Gewone zilverspar, Abies alba
De gewone zilverspar, Abies alba, is een naaldboom die weinig Nederland voorkomt. In andere landen, vooral de Europese berggebieden, groeit hij veelvuldig. De stam is dik en lang, waardoor hij bijzonder geschikt is voor scheepsmasten. De gewone zilverspar was de eerste boom die als kerstboom werd gebruikt, maar wordt inmiddels nauwelijks meer in huis gehaald wegens zijn vorm en de kosten voor het kweken. Deze zilverspar is een van de weinige naaldboomsoorten die gevoelig is voor wildvraat.
Taxonomische indeling
- Klasse: Spermatopsida
- Orde: Coniferales
- Familie: Pinaceae
- Geslacht: Abies
- Soort: Abies alba
Omschrijving
Een tak, de bloeiwijzen en verschillende kegelstadia van de gewone zilverspar /
Bron: Kilom691, Wikimedia Commons (Publiek domein)

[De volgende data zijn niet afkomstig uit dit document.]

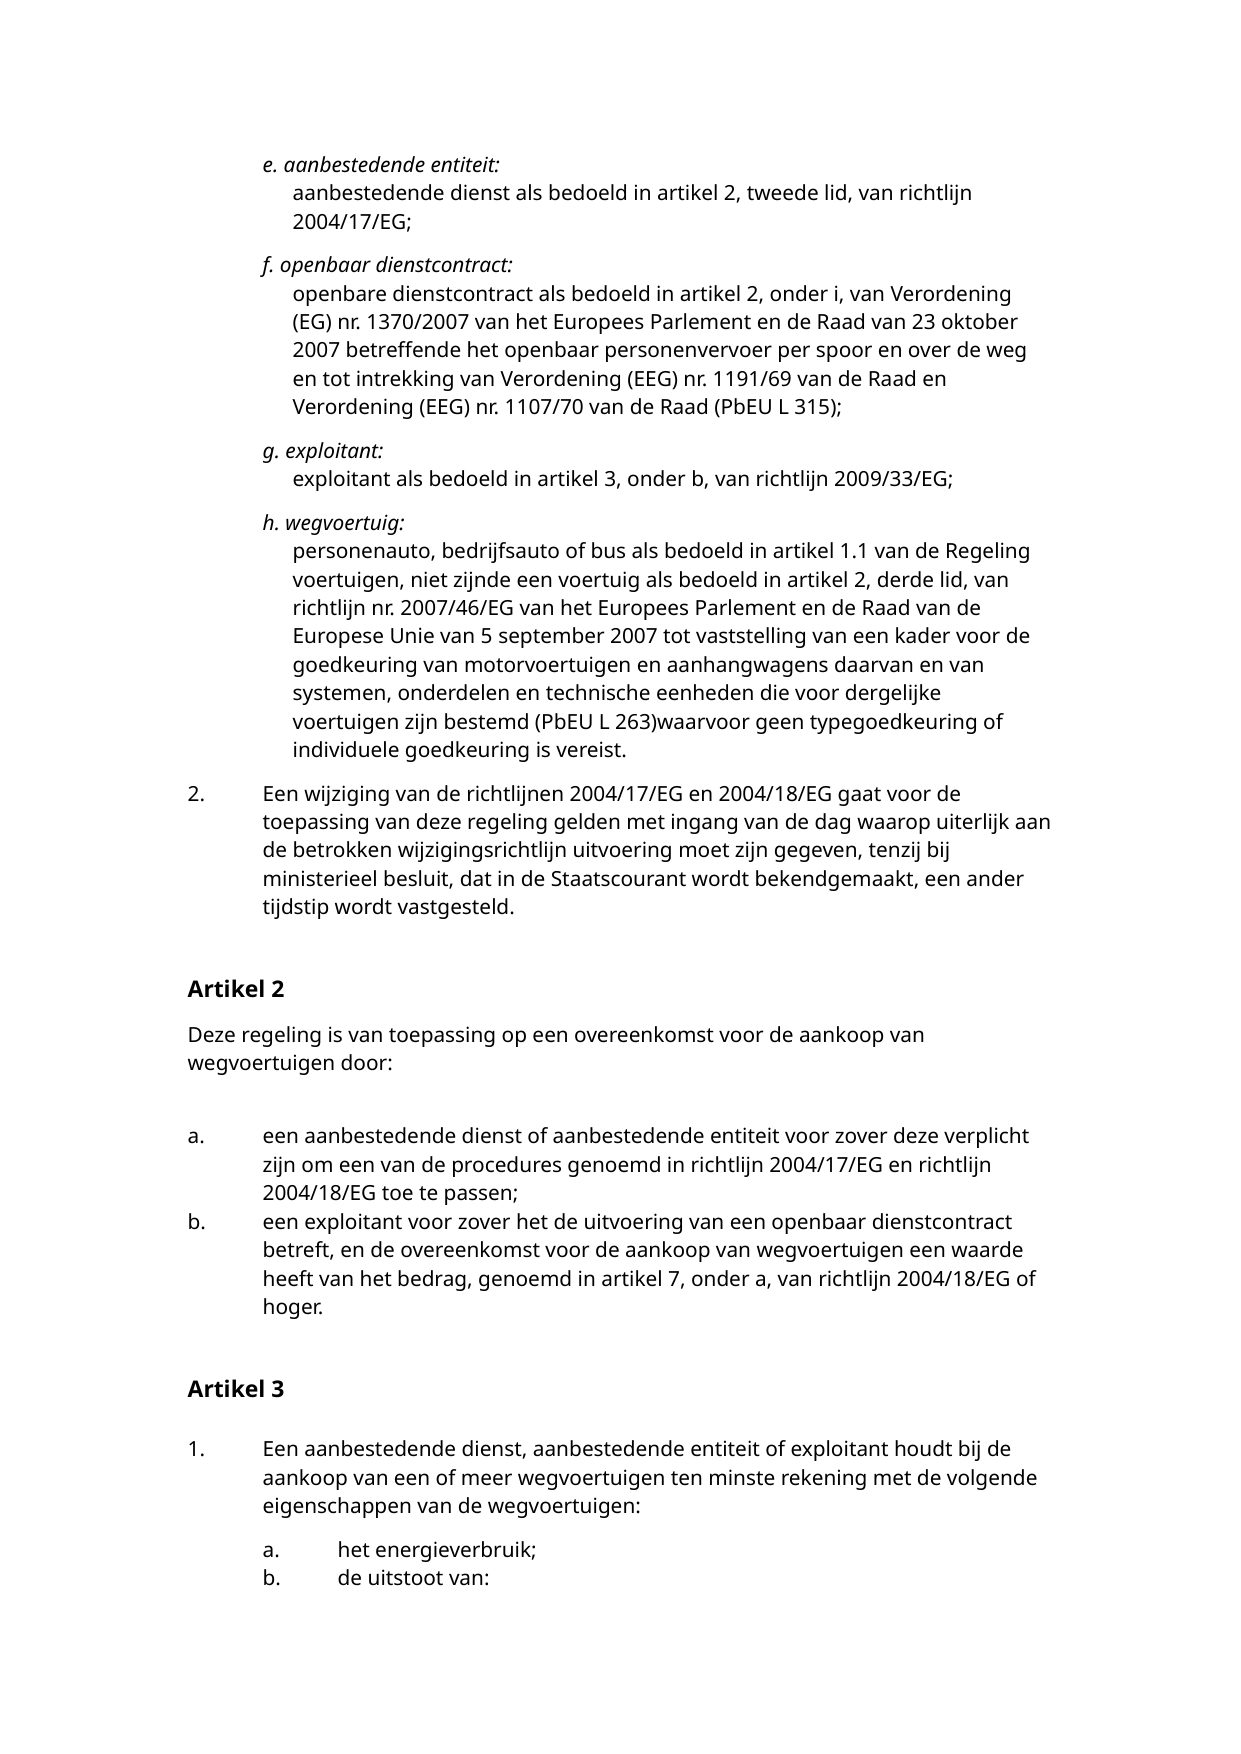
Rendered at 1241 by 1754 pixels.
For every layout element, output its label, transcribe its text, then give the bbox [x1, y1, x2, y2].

De gewone zilverspar is een naaldboom met een smalle, kegelvormige kroon met een platte top. De takken groeien in takkransen. Dit houdt in dat de boom ieder jaar een nieuwe krans maakt, waarvan alle takken zich op dezelfde hoogte bevinden. De takken van de gewone zilverspar groeien horizontaal. De stam van deze boom is grijsachtig. De naalden groeien rondom de twijgen en niet in het platte vlak. De kegels van de gewone zilverspar staan rechtop en zijn cilindervormig. Ze worden maximaal twintig centimeter lang. De boom kan tot 60 meter hoog worden, hoewel deze hoogte alleen onder ideale groeiomstandigheden wordt bereikt. De stam is – behalve lang – dik en stevig.
Verspreiding
De gewone zilverspar komt van nature voor in de Pyreneeën tot de Alpen en de Balkan. Hier vormt hij grote bossen. Buiten dit gebied is soms een enkele zilverspar in het bos te vinden. In Nederland is hij als exoot slechts zelden in de bossen te vinden, dit omdat de klimaatomstandigheden niet geschikt zijn voor deze soort. De bomen die in de bossen staan zijn afstammelingen van aangeplante exemplaren. Buiten de bossen is de gewone zilverspar soms in parken en tuinen te vinden.
Omgeving
De gewone zilverspar groeit het beste in de bergen. Om optimale groei te bereiken, staat hij op een hoogte van 800 tot 2000 meter. Hij heeft rijke bodems met een goede vochtvoorziening nodig. Hier wortelt hij diep, en dat is nodig ook. De gewone zilverspar is zeer gevoelig voor droogte tijdens het groeiseizoen. Hij is bijzonder schaduwtolerant, en verjongt zelfs alleen als er voldoende schaduw is. Als een van de weinige naaldboomsoorten is de gewone zilverspar gevoelig voor wildvraat.
Voortplanting
De gewone zilverspar bloeit in mei. De vrouwelijke bloemen zijn geelgroen, de mannelijke bloemen geelrood. De kegels staan rechtop aan de takken, en hebben dekschubben die langer zijn dan de kegelschubben.
En de mens
Het hout van de gewone zilverspar is geschikt als constructiehout, maar het is van mindere kwaliteit en moeilijker te bewerken dan het hout van de fijnspar. De boom heeft echter een stevige, dikke stam die nauwelijks dunner wordt naarmate hoger in de boom gemeten wordt. Hierdoor werd de boom bijzonder veel gebruikt voor scheepsmasten. De VOC stuurde vroeger speciale gezanten naar Midden Europa om geschikte bomen te zoeken.
Verder staat de gewone zilverspar bekent als een kerstboom. Het was de eerste boom die voor deze functie werd gebruikt, maar inmiddels is hij niet meer populair. Dit omdat hij relatief duur is om te kweken, en hij niet zo’n mooie vorm heeft als bijvoorbeeld de Nordmann-spar. De oliën uit de naalden en kegels wordt gebruikt in verschillende parfums en cosmetische producten.